Retoques para “ganar” confianza

Última actualización 24/06/2008@12:52:45 GMT+1
La mosca es probablemente la reina indiscutible de nuestra afición. es la encargada de dar confianza al pescador y sensación de alimento al pez. precisamente de esa unión -cómo conjugar ambos elementos- es de lo que intentaremos arrojar un poco más de luz.

Texto y fotos: Juan José Jódar
Para mí, es vital confiar en las moscas artificiales que utilizo en los días de pesca. Tal vez en una jornada normal no le dé más importancia de la que deba tener, pero en el momento en que asisto a cualquier tipo de campeonato pasa a ser un elemento vital. Necesito confiar plenamente en mis moscas y el ejemplo más claro lo tengo cuando al abrir mis cajas, una vez tras otra, la vista se va en busca de esos determinados modelos en los que uno confía plenamente, esos que siempre te sacan de un apuro y que, sin lugar a dudas, se han ganado un puesto de honor en cada caja.

La confianza en un modelo en concreto se consigue sólo de dos formas. El primero y más importante, es que consiga capturas en acción de pesca, y el segundo es que nos sintamos a gusto pescando con él. Tal vez, esta segunda característica con el tiempo tiene tanta o más importancia que la primera, porque ¿de qué sirve una mosca fantástica, que pesca infinitamente bien, si cada vez que pasa por un chorro no somos capaces de diferenciarla del resto del agua?, ¿de qué sirven esas moscas que mueven pesca por doquier, pero por muy bien que posemos o buena vista que tengamos, no seamos capaces de verlas derivar?
Se trata de un elemento de primer orden, tal vez el más importante en una mosca artificial: su capacidad de resaltar sobre el agua por muy pequeña que sea. No hay peor jornada de pesca que aquella en la que sólo vemos por dónde anda la mosca cuando un pez rompe la superficie para tomarla, que en la mayoría de los casos no seremos capaces de clavar por tensar nuestra línea tarde, cuando la trucha ya habrá notado el engaño y habrá escupido la artificial.

Tal vez conseguir una mosca que pesque y que se vea parezca algo complicado de conseguir. Pero será preferible tener una artificial que mueva menos truchas pero que seamos capaces de seguir sobre la superficie del río, que otra que mueva truchas por doquier pero que no veamos en ningún momento. Estadísticamente, nos llevará muchas más truchas a la sacadora la que mueve menos truchas pero se ve mejor. Por tanto, en situaciones en las que las cosas se nos pongan difíciles para seguir con nuestra vista la mosca, podremos recurrir a algún que otro truquillo para añadir visibilidad a las artificiales mientras derivan por la superficie.

Antes de exponer algún que otro consejo para esto, tenemos que tener claro qué es lo que hace que una mosca pase desapercibida para nosotros cuando navega por el agua. ¿Su tamaño, color, índice de flotabilidad, estas cosas juntas o tal vez una cuarta que aún no hemos mencionado y que es sencillamente que no posamos donde ponemos la vista? Esto se solventa sólo con el fruto de la experiencia y del paso de los años pescando y lanzando. Recuerdo cómo amigos que se convirtieron en grandes pescadores, al principio no veían la mosca en casi ninguna situación. También recuerdo -a mí también me pasó en su día- cómo una vez tras otra posaban su mosca y fijaban la vista donde ellos pensaban que estaba derivando, pero que en realidad no era ni por asomo el lugar real donde se había posado la artificial. Ese era el motivo de que pensasen que no ver navegar la mosca era precisamente por la mosca en sí (su tamaño, color o construcción) cuando la realidad era bien distinta: estaba fuera de su campo de visión.

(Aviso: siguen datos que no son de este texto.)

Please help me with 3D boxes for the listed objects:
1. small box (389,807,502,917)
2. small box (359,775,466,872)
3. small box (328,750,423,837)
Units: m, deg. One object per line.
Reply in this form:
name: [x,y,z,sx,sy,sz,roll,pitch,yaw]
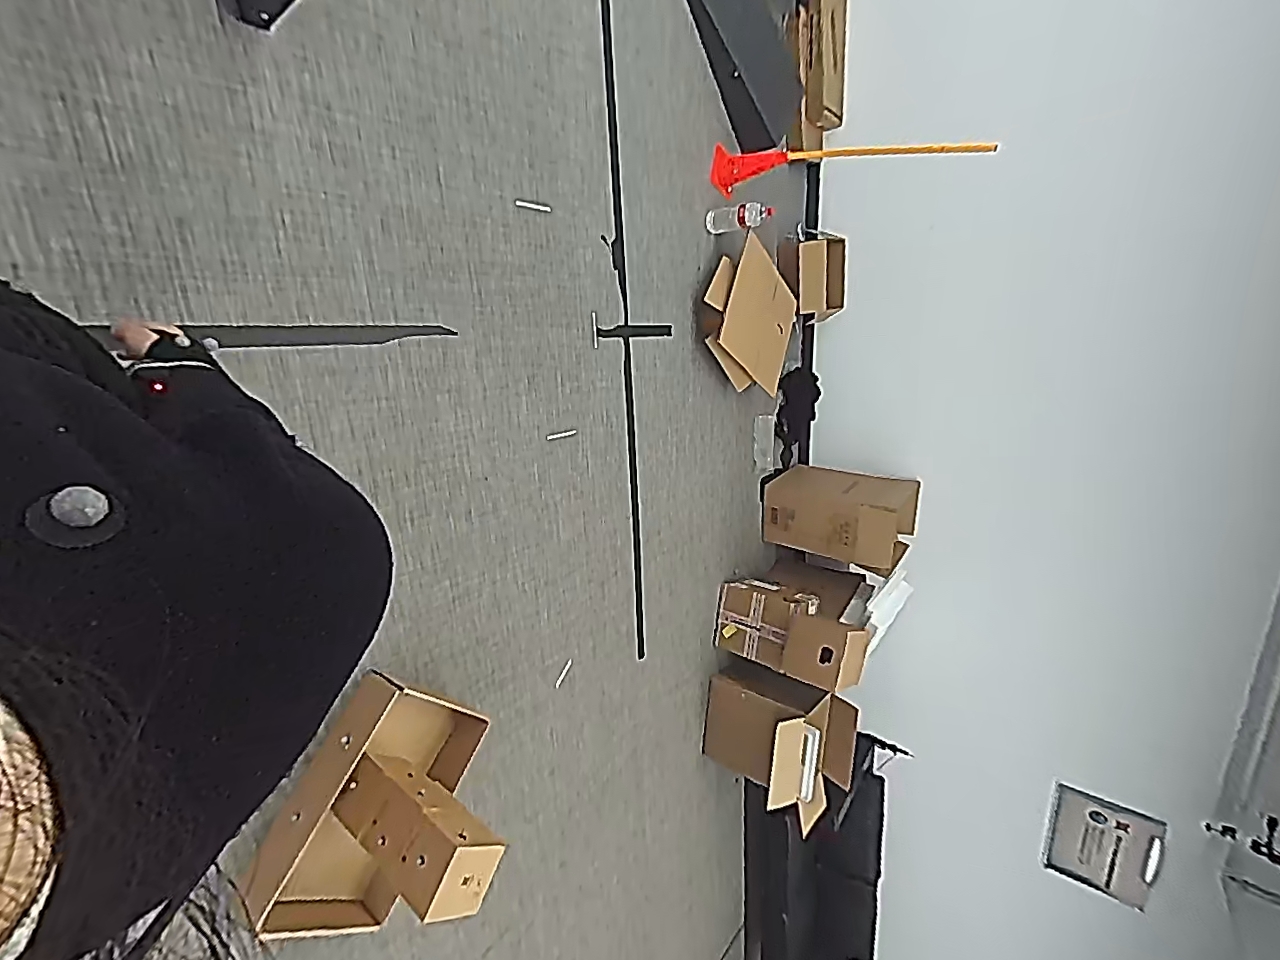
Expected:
small box: [-0.494,0.955,1.368,0.179,0.176,0.168,44,66,-47]
small box: [-0.621,0.927,1.471,0.179,0.176,0.168,45,64,-49]
small box: [-0.752,0.908,1.565,0.179,0.176,0.168,49,60,-45]

Los otros tres factores a tener en cuenta son el tamaño, el color y el índice de flotabilidad. Solventar los tres es sencillísimo. Sólo hay que aumentar el tamaño del montaje, utilizar colores que contrasten con el color del fondo en el que pesquemos y añadir flotabilizadores o utilizar materiales específicos para añadir también esa flotación necesaria para la artificial.

Pero desgraciadamente no es tan sencillo de hacer, porque si en el río está saliendo un tricóptero de 60 mm de tamaño que normalmente montaríamos en un anzuelo del 22 o 24 no podemos -o no debemos- sustituirlo por otro montado en un anzuelo del 14, que evidentemente veremos mucho mejor pero que difícilmente engañará las truchas que se están alimentando de un insecto justo con la mitad de tamaño. A pesar de esto, intentaremos llevar el tamaño al límite, sin dejar de tener éxito. Así pues, intentaremos poner ese mismo tricóptero que deberíamos montar en un 22-24 en un 18-20. Después observaremos el comportamiento de las truchas: si siguen tomándolo igual de bien, pues perfecto. Si no es así, tendríamos que pensar en añadir en nuestras pequeñas imitaciones algún elemento extra que nos ayude a identificarlas entre el resto del agua.

SEñalizador y color en tu mosca. Un buen modo de solucionar el problema de las pequeñas artificiales es añadir siempre en la parte superior de la mosca un indicador para identificarla. Un pequeño mechoncito de polipropileno o unas fibras de CDC resaltarán notablemente sobre el río y por pequeña que sea la mosca nos permitirá seguirla con la vista en cualquier momento. Esto lo usaremos siempre que el tamaño de los insectos que estén tomando las truchas nos impida poner una artificial mayor.

En cuanto al color, tendremos el mismo problema. Si no encontramos actividad superficial y nos empeñamos en pescar en superficie (cosa que siempre he desaconsejado) intentaremos utilizar colores que contrasten con los fondos del río y con la luminosidad e incidencia de los rayos solares. Colores grises sobre fondos marrones, y marrones sobre grises, serán de un contraste notable, así como utilizar moscas oscuras incluso negras cuando el agua platea al terminar el día. Esto evidentemente cambiará cuando el río nos ofrezca actividad superficial, ante la cual no tendremos más remedio que imitar lo que el mismo ofrezca.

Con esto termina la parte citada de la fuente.